First, companies should be transparent with how they use AI in their business operations. Investors are regularly engaging with their portfolio companies about AI as part of their stewardship activities. Many companies are now voluntarily disclosing information on how they use AI to their investors, employees, and customers. By addressing the ethical considerations of AI in a transparent manner, companies can build trust with their stakeholders.

Second, boards of directors have an important role to play in monitoring and managing AI risks. Under the Caremark standard in Delaware corporate law, directors have a fiduciary duty to oversee their company’s operations by establishing an internal reporting system. At a minimum, companies adopting AI into their business operations need to establish board-level oversight of the risks involved and report on any regulatory noncompliance issues that arise.

And, finally, companies should view AI as an opportunity to enhance human decision-making by their employees, not as a substitute. Companies that view their workers as partners in implementing AI are more likely to attract and retain a motivated workforce and realize the productivity gains that AI promises. Unions are the best way for workers to negotiate how AI technology should be implemented in the workplace.

To address these concerns, the AFL-CIO Equity Index Funds have introduced shareholder proposals that ask companies to commission an independent, third-party human rights assessment of their use of AI. Proposals are expected to go to a vote at Amazon and Lyft in 2025, and similar proposals requesting a transparency report on the use of AI received high levels of shareholder support at Apple (37%) and Netflix (43%) in 2024.

Nature is Critical to Business

ANDREW SHALIT , Shareholder Advocate, Green Century Capital Management

Global biodiversity is deteriorating faster than at any time in human history, largely due to human activity. Such massive biodiversity loss poses serious economic and financial risk as more than half the world’s economy is moderately or highly dependent on nature. To reverse this trend, companies must start by meaningfully assessing, disclosing, and addressing their nature-related impacts, dependencies, risks, and opportunities.

Green Century has long worked to advance protections for nature through our work to preserve natural forests, reduce the use of harmful chemicals, and put companies on a path to net zero emissions. In the fall of 2023, we filed our first proposals that specifically address biodiversity, asking companies including PepsiCo and Kellanova to complete material biodiversity dependency and impact assessments.
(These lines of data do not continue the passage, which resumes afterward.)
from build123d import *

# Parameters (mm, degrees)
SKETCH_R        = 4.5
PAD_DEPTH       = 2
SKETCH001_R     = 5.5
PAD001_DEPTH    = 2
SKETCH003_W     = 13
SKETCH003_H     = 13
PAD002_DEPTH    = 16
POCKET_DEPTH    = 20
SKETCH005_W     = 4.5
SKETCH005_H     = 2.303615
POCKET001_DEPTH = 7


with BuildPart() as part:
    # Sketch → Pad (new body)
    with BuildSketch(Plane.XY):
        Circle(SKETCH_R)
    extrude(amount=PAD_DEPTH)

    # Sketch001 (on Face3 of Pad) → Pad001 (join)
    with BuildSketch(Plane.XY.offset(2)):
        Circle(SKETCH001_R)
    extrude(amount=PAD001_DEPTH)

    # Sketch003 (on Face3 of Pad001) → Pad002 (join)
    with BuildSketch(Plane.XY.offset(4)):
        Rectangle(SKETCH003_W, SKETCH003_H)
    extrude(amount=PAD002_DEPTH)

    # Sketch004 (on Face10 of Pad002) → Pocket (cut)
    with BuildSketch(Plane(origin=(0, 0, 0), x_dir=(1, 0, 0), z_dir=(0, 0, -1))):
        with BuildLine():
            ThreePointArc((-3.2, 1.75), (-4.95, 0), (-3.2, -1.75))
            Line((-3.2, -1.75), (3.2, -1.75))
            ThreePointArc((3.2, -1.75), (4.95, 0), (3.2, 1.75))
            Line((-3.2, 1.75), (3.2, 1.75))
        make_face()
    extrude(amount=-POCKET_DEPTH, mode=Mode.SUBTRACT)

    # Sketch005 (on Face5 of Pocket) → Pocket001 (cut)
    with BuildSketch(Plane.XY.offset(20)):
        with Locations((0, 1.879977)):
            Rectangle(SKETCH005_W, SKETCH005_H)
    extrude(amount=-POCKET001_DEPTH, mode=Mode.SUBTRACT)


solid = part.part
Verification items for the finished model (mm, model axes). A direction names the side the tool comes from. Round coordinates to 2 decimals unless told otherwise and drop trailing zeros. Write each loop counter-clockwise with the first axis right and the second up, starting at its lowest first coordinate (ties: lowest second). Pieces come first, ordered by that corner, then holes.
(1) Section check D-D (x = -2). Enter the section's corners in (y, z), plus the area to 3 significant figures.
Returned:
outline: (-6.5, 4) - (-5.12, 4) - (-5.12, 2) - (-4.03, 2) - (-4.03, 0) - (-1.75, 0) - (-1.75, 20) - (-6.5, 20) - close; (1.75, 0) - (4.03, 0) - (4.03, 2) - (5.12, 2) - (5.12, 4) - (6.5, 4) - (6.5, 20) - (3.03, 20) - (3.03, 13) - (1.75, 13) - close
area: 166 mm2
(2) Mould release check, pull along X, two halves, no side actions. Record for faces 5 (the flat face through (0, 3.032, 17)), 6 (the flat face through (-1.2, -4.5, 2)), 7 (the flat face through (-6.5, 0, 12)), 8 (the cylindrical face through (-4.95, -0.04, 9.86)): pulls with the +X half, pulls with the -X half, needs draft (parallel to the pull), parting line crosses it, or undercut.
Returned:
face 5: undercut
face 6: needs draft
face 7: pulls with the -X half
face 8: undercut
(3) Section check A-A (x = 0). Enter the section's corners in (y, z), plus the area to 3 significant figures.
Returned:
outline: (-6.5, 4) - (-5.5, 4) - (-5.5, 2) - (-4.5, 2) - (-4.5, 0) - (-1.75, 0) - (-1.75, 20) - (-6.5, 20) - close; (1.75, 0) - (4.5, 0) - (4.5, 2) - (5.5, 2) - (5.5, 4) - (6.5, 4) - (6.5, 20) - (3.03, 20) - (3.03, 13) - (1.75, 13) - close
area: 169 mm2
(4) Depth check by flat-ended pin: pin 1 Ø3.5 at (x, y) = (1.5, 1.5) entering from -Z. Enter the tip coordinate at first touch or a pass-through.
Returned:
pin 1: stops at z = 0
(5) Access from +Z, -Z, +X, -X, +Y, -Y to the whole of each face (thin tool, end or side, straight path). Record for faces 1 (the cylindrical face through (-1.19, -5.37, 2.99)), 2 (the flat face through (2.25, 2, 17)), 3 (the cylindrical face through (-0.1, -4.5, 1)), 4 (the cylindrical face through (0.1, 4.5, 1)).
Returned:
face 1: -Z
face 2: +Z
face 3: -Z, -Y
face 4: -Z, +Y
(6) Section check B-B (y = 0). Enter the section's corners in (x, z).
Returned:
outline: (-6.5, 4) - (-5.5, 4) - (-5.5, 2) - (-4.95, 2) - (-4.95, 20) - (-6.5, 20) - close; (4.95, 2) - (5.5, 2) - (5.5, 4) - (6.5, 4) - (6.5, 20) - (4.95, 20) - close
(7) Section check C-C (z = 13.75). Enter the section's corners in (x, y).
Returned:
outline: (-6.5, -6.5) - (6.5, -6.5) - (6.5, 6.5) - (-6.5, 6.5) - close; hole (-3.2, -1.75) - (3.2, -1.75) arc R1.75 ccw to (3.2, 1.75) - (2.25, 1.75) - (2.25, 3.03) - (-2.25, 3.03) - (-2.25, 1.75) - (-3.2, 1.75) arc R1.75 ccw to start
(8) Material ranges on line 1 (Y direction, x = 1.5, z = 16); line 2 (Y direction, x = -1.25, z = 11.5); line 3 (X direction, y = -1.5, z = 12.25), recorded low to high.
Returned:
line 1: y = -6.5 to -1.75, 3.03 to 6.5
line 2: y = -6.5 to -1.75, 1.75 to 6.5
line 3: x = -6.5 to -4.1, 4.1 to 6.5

This year, we refiled our resolution at PepsiCo and co-filed, along with Proxy Impact, a biodiversity and nature disclosure resolution at Home Depot, led by Domini Impact Investments. These resolutions call on companies to face and address the challenges to nature that threaten the products they sell and the markets in which they operate.

We also filed a biodiversity resolution at Chemours, a chemical company that mines titanium to create products that whiten our paint, toothpaste, and sunscreen. While titanium is a plentiful mineral, Chemours conducts some of its mining operations in ecologically sensitive areas. Our proposal asks Chemours to adopt a policy to assess any reasonably likely irreversible impacts on biodiversity prior to commencing mining operations in ecologically sensitive areas, as well as any related financial, reputational, and operational implications for the company should those impacts occur. Bottom line, it probably doesn’t make financial sense to mine ecologically sensitive areas for a natural resource you can easily find elsewhere – and it’s at least worth assessing those risks and impacts first.

Global institutions have begun to recognize the need for action on nature. In 2022, 196 countries ratified the Global Biodiversity Framework, setting out ambitious goals to protect and restore nature. The Taskforce for Nature-Related Financial Disclosures (TNFD) was launched in September 2023. As of this writing, 546 organizations worldwide have committed to assessing and disclosing under TNFD, including 346 corporations and 139 financial institutions. The Global Reporting Initiative, CDP, and Science Based Targets Network are developing support for biodiversity and nature disclosure and target setting. Biodiversity disclosure is also included in the EU’s Corporate Social Responsibility Directive. Industry groups, including the Finance for Biodiversity Foundation and Business for Nature, provide additional support for companies seeking to transition to nature-positive practices.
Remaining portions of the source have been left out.